# Problem details
An exact copy of every entry is needed here; the images stay out.

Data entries
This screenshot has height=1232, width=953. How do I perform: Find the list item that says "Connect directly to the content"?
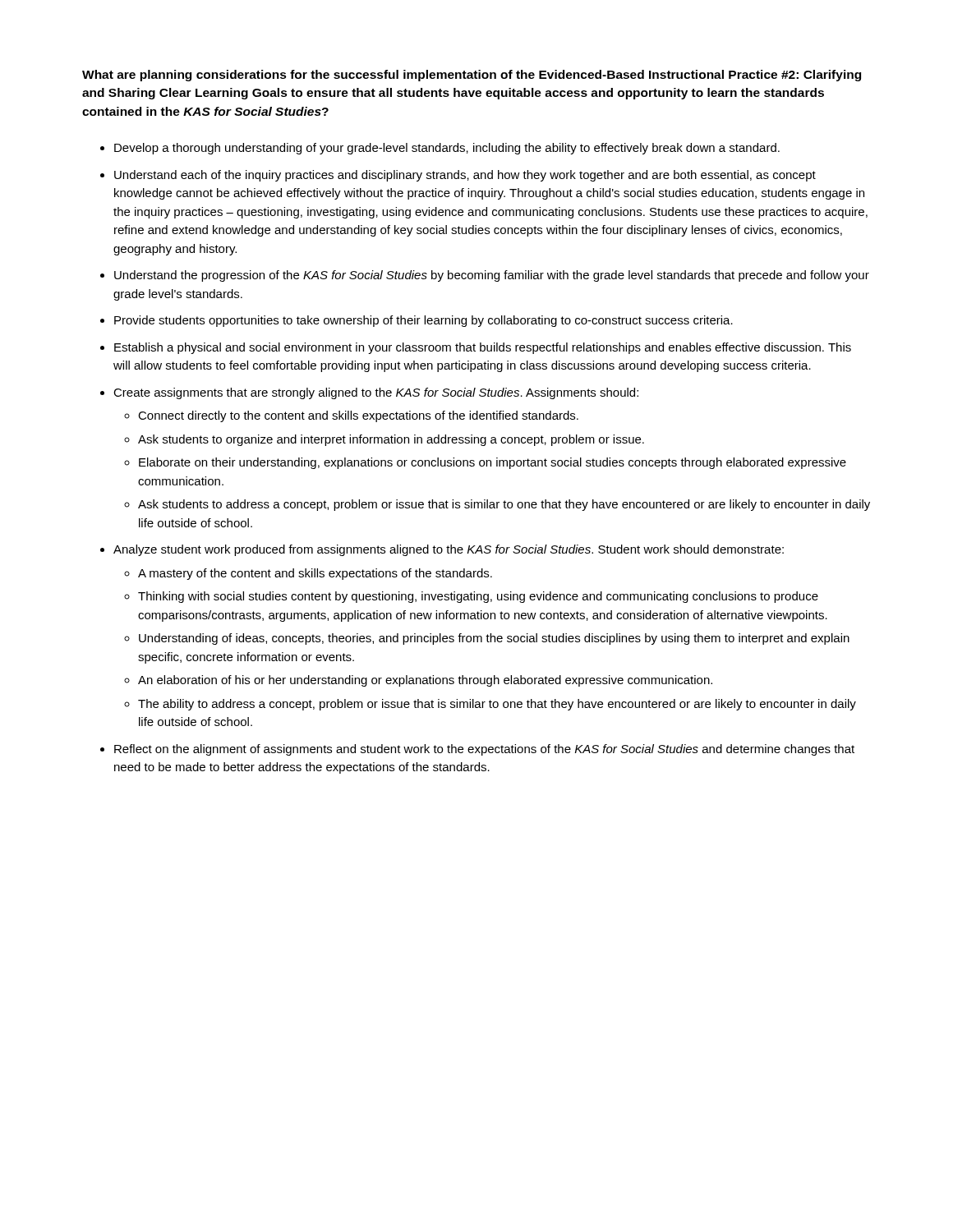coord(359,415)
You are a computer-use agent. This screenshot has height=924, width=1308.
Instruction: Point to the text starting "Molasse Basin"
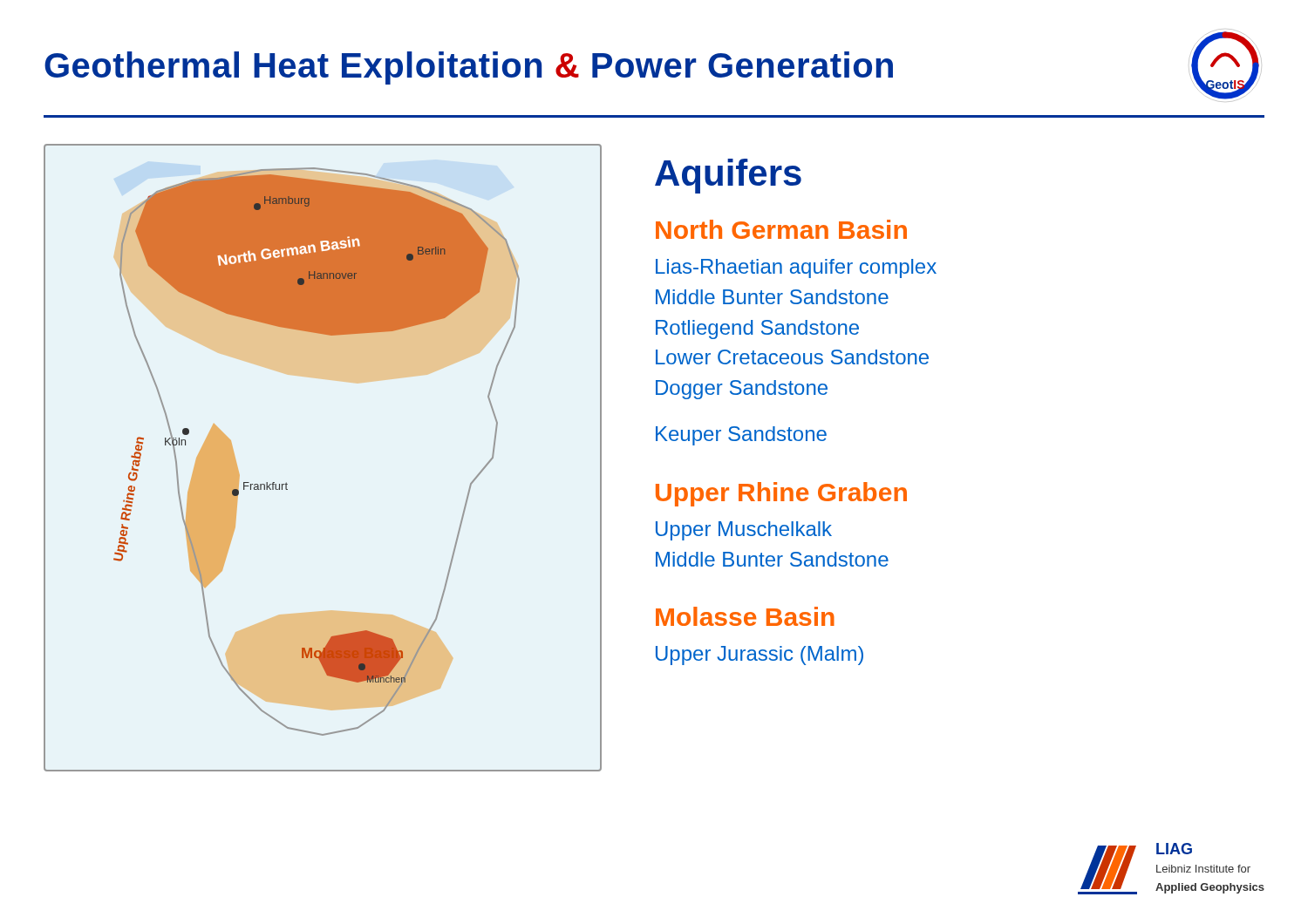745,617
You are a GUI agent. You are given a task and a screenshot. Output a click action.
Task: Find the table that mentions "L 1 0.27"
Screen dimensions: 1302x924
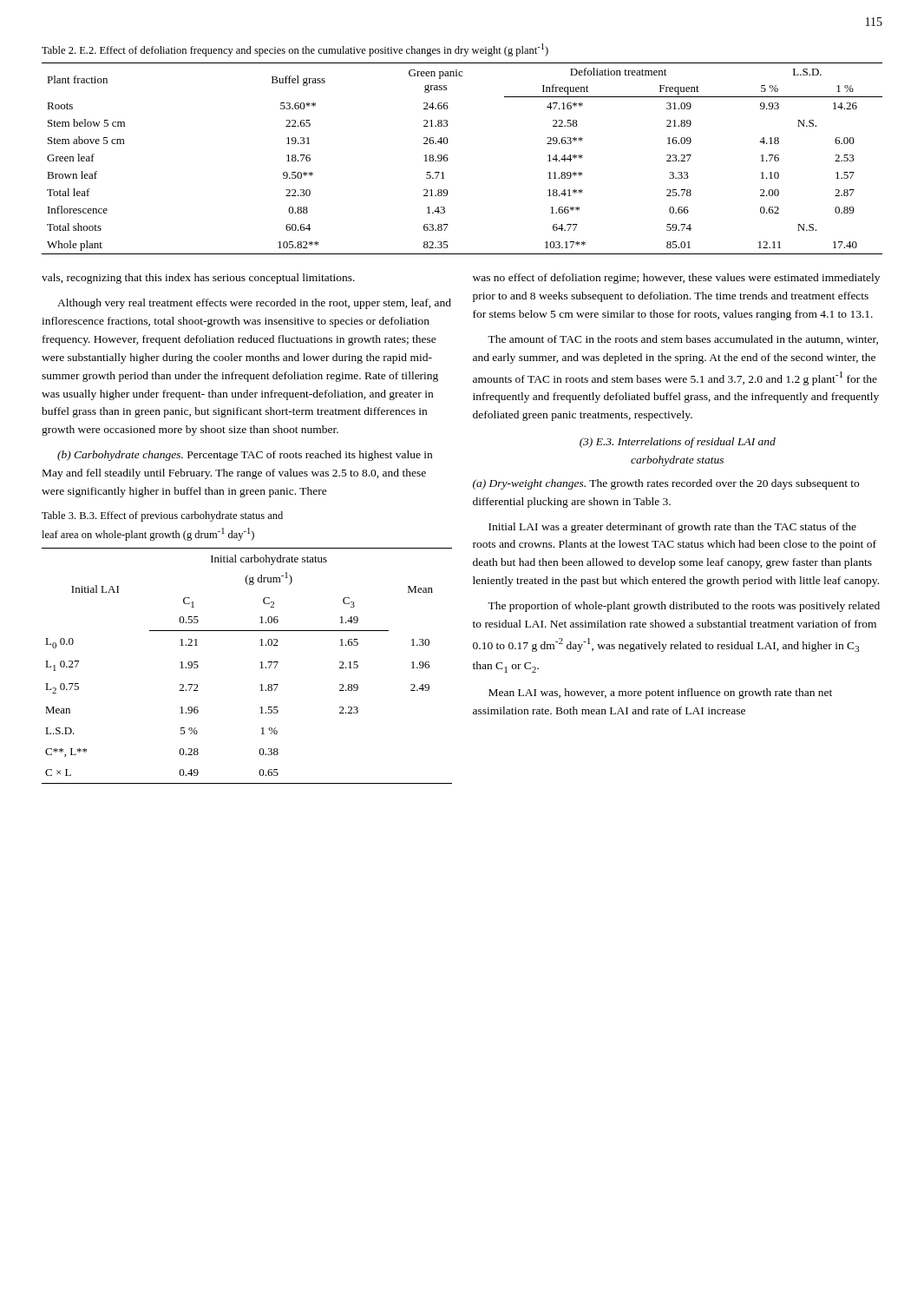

# Written response
This screenshot has height=1232, width=953. How do I perform: Find the list item that says "Connect directly to the content"?
coord(359,415)
You are a computer-use agent. This screenshot has height=924, width=1308.
Instruction: Point to the text starting "Molasse Basin"
745,617
You are a GUI agent. You are given a task and a screenshot. Output a click action.
Task: Find the table that mentions "L 1 0.27"
Screen dimensions: 1302x924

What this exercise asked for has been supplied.